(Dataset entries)
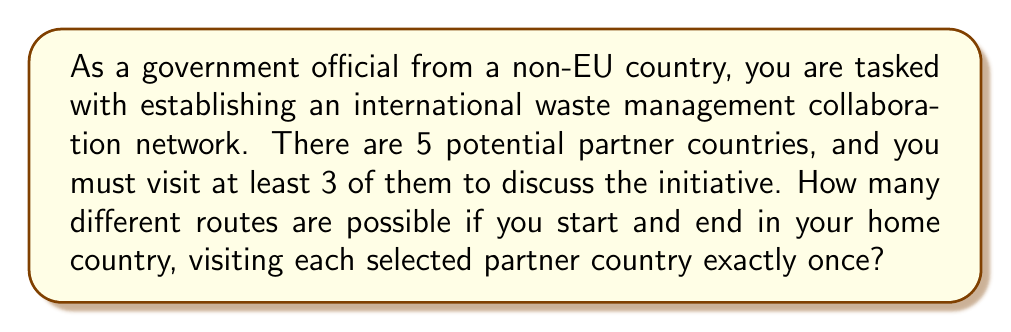Provide a solution to this math problem. Let's approach this step-by-step:

1) First, we need to choose which countries to visit. We can visit 3, 4, or 5 countries.

2) For each case, we'll use the combination formula to select countries, then multiply by the number of permutations to account for different orders:

   a) Visiting 3 countries:
      - Ways to choose 3 out of 5: $\binom{5}{3} = 10$
      - Permutations of 3: $3! = 6$
      - Total: $10 \times 6 = 60$

   b) Visiting 4 countries:
      - Ways to choose 4 out of 5: $\binom{5}{4} = 5$
      - Permutations of 4: $4! = 24$
      - Total: $5 \times 24 = 120$

   c) Visiting 5 countries:
      - Only 1 way to choose all 5
      - Permutations of 5: $5! = 120$
      - Total: $1 \times 120 = 120$

3) The total number of routes is the sum of all these possibilities:

   $$ \text{Total routes} = 60 + 120 + 120 = 300 $$

Therefore, there are 300 different possible routes for the international waste management collaboration network.
Answer: 300 routes 
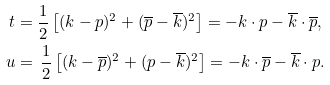<formula> <loc_0><loc_0><loc_500><loc_500>t & = \frac { 1 } { 2 } \left [ ( k - p ) ^ { 2 } + ( \overline { p } - \overline { k } ) ^ { 2 } \right ] = - k \cdot p - \overline { k } \cdot \overline { p } , \\ u & = \, \frac { 1 } { 2 } \left [ ( k - \overline { p } ) ^ { 2 } + ( p - \overline { k } ) ^ { 2 } \right ] = - k \cdot \overline { p } - \overline { k } \cdot p .</formula> 
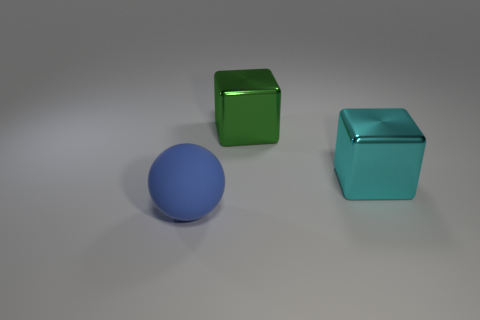Add 2 large cyan things. How many objects exist? 5 Subtract all balls. How many objects are left? 2 Add 1 blue spheres. How many blue spheres exist? 2 Subtract 0 yellow spheres. How many objects are left? 3 Subtract all big rubber cylinders. Subtract all metallic things. How many objects are left? 1 Add 1 large blue rubber spheres. How many large blue rubber spheres are left? 2 
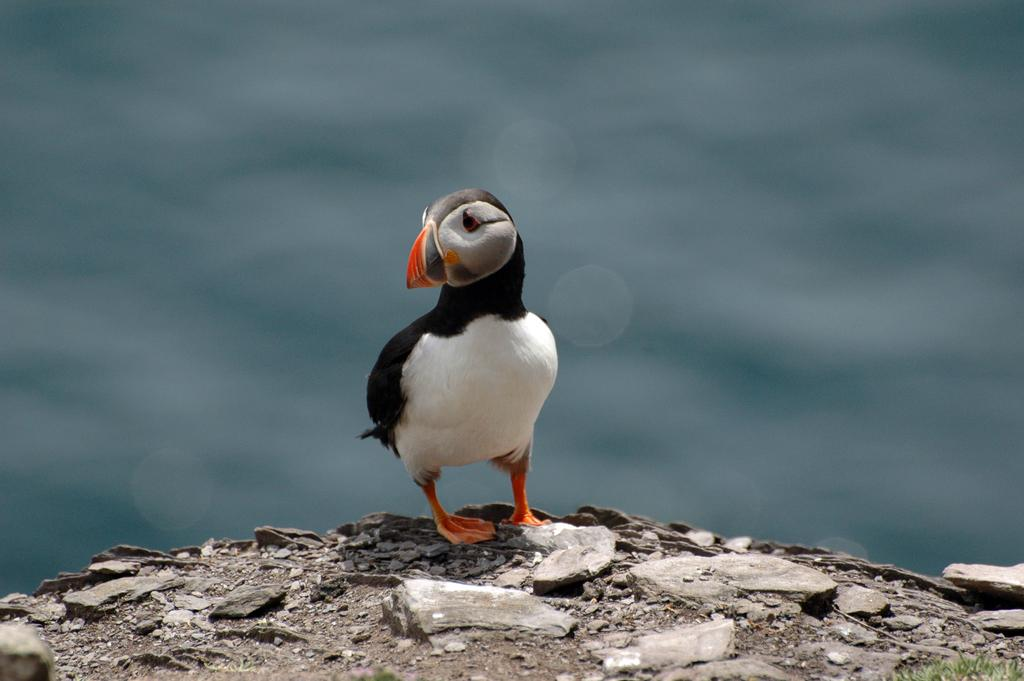What type of animal can be seen in the image? There is a bird in the image. Where is the bird located? The bird is on the ground. Can you describe the background of the image? The background of the image is slightly blurred. What time of day is it in the image, based on the bird's stomach? There is no information about the bird's stomach or the time of day in the image. 
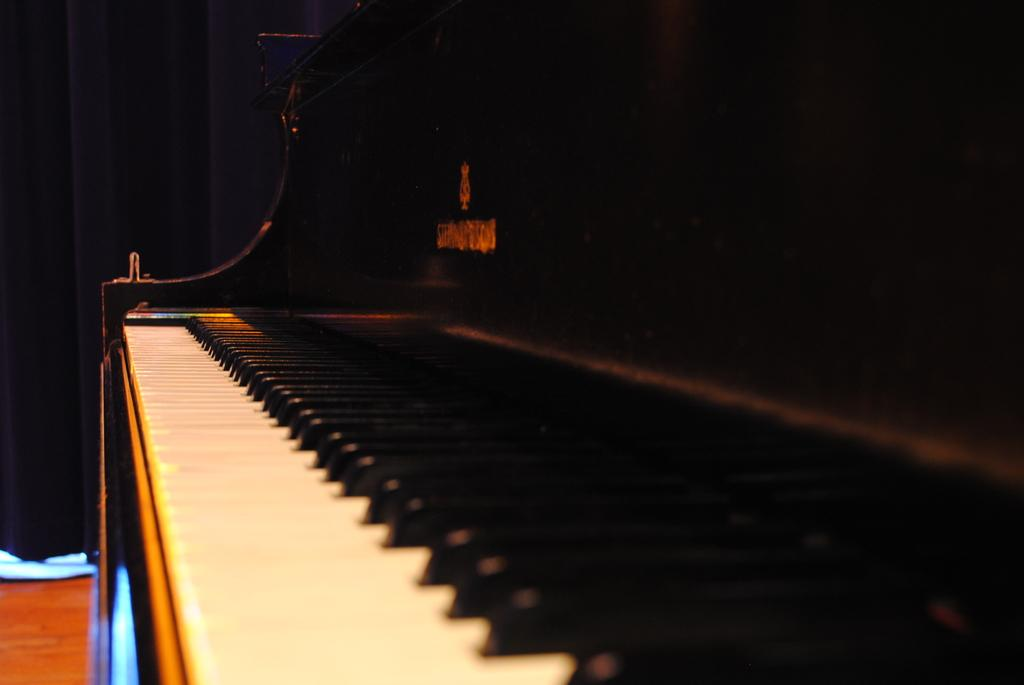What object is the main focus of the image? There is a keyboard in the image. What can be observed about the keys on the keyboard? The keyboard has white keys and black keys. What is the purpose of the keyboard in the image? The keyboard is a musical instrument. What is present on the right side of the image? There is a curtain on the right side of the image. What is the color of the curtain on the right side? The curtain on the right side is black in color. What is present in the left side top corner of the image? The left side top corner of the image has a black curtain. What grade does the sweater receive in the image? There is no sweater present in the image, so it cannot receive a grade. How does the heat affect the keyboard in the image? There is no indication of heat in the image, so its effect on the keyboard cannot be determined. 
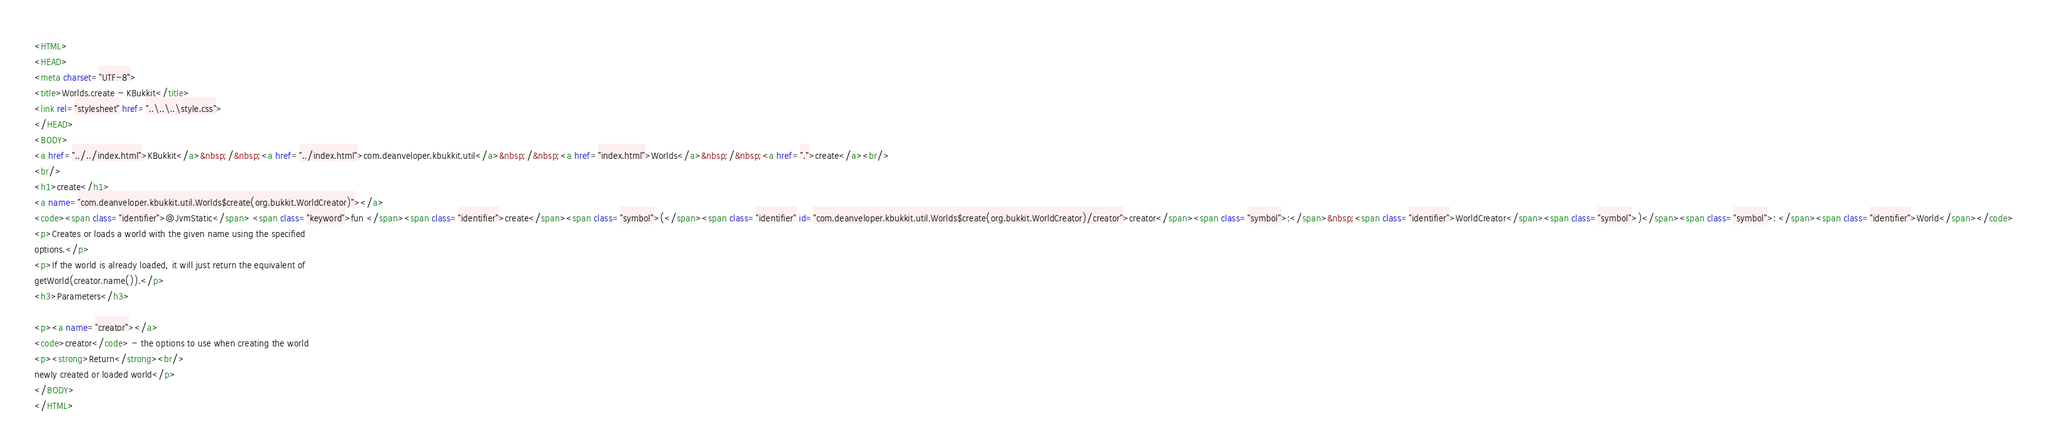<code> <loc_0><loc_0><loc_500><loc_500><_HTML_><HTML>
<HEAD>
<meta charset="UTF-8">
<title>Worlds.create - KBukkit</title>
<link rel="stylesheet" href="..\..\..\style.css">
</HEAD>
<BODY>
<a href="../../index.html">KBukkit</a>&nbsp;/&nbsp;<a href="../index.html">com.deanveloper.kbukkit.util</a>&nbsp;/&nbsp;<a href="index.html">Worlds</a>&nbsp;/&nbsp;<a href=".">create</a><br/>
<br/>
<h1>create</h1>
<a name="com.deanveloper.kbukkit.util.Worlds$create(org.bukkit.WorldCreator)"></a>
<code><span class="identifier">@JvmStatic</span> <span class="keyword">fun </span><span class="identifier">create</span><span class="symbol">(</span><span class="identifier" id="com.deanveloper.kbukkit.util.Worlds$create(org.bukkit.WorldCreator)/creator">creator</span><span class="symbol">:</span>&nbsp;<span class="identifier">WorldCreator</span><span class="symbol">)</span><span class="symbol">: </span><span class="identifier">World</span></code>
<p>Creates or loads a world with the given name using the specified
options.</p>
<p>If the world is already loaded, it will just return the equivalent of
getWorld(creator.name()).</p>
<h3>Parameters</h3>

<p><a name="creator"></a>
<code>creator</code> - the options to use when creating the world
<p><strong>Return</strong><br/>
newly created or loaded world</p>
</BODY>
</HTML>
</code> 
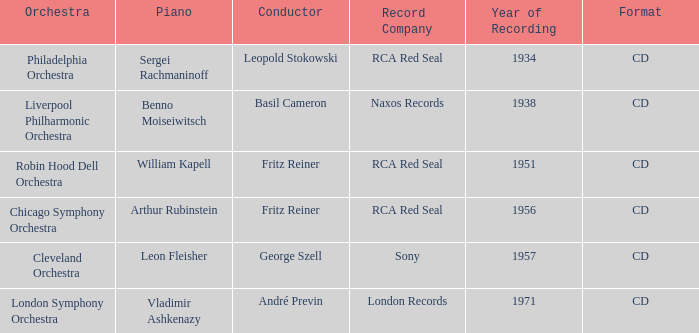Which orchestra has a recording year of 1951? Robin Hood Dell Orchestra. 
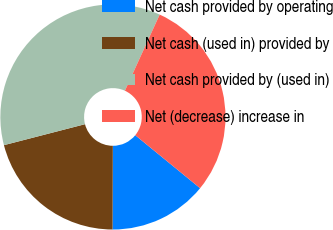<chart> <loc_0><loc_0><loc_500><loc_500><pie_chart><fcel>Net cash provided by operating<fcel>Net cash (used in) provided by<fcel>Net cash provided by (used in)<fcel>Net (decrease) increase in<nl><fcel>14.15%<fcel>20.92%<fcel>35.85%<fcel>29.08%<nl></chart> 
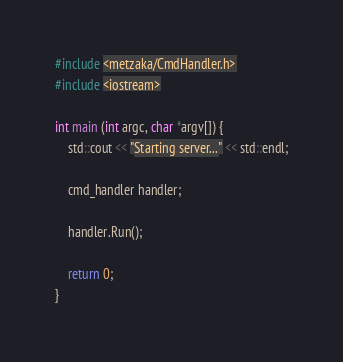Convert code to text. <code><loc_0><loc_0><loc_500><loc_500><_C++_>#include <metzaka/CmdHandler.h>
#include <iostream>

int main (int argc, char *argv[]) {
    std::cout << "Starting server..." << std::endl;

    cmd_handler handler;
    
    handler.Run();

    return 0;
}</code> 
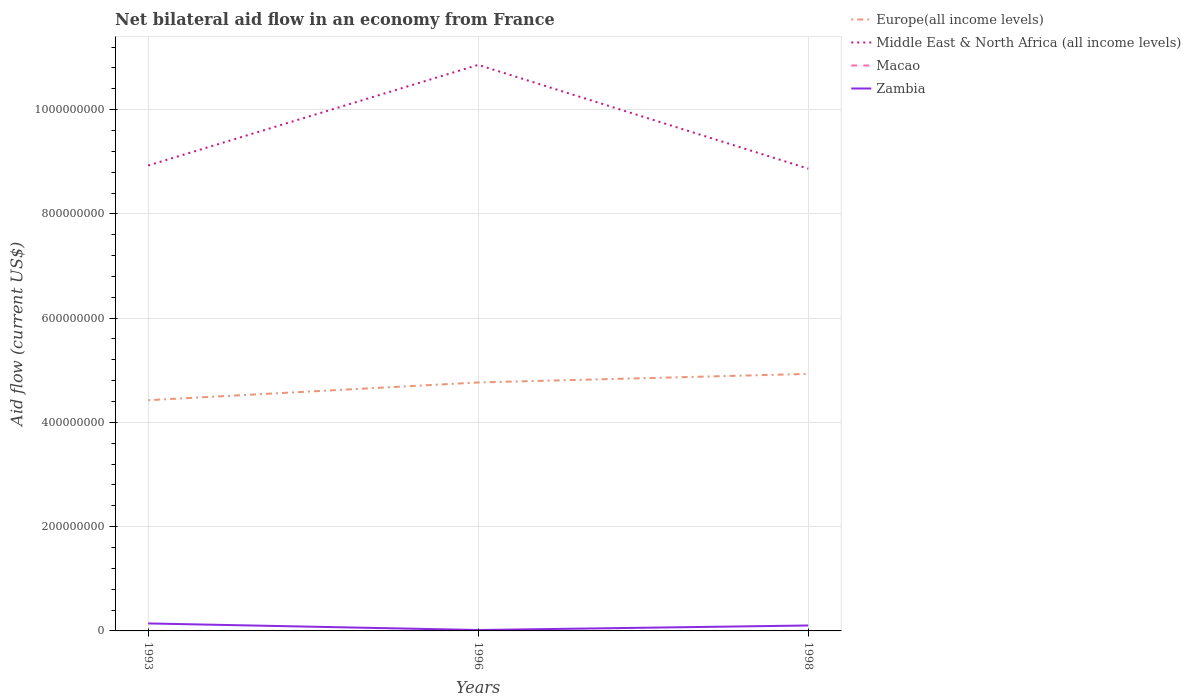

# What is being asked:
Print exactly the lines above that run from the one with "getWorld(creator.name()).</p>" down to the one with "Which orchestra has", and omit the pictures.

# Problem solution:
getWorld(creator.name()).</p>
<h3>Parameters</h3>

<p><a name="creator"></a>
<code>creator</code> - the options to use when creating the world
<p><strong>Return</strong><br/>
newly created or loaded world</p>
</BODY>
</HTML>
</code> 
Which orchestra has a recording year of 1951? Robin Hood Dell Orchestra. 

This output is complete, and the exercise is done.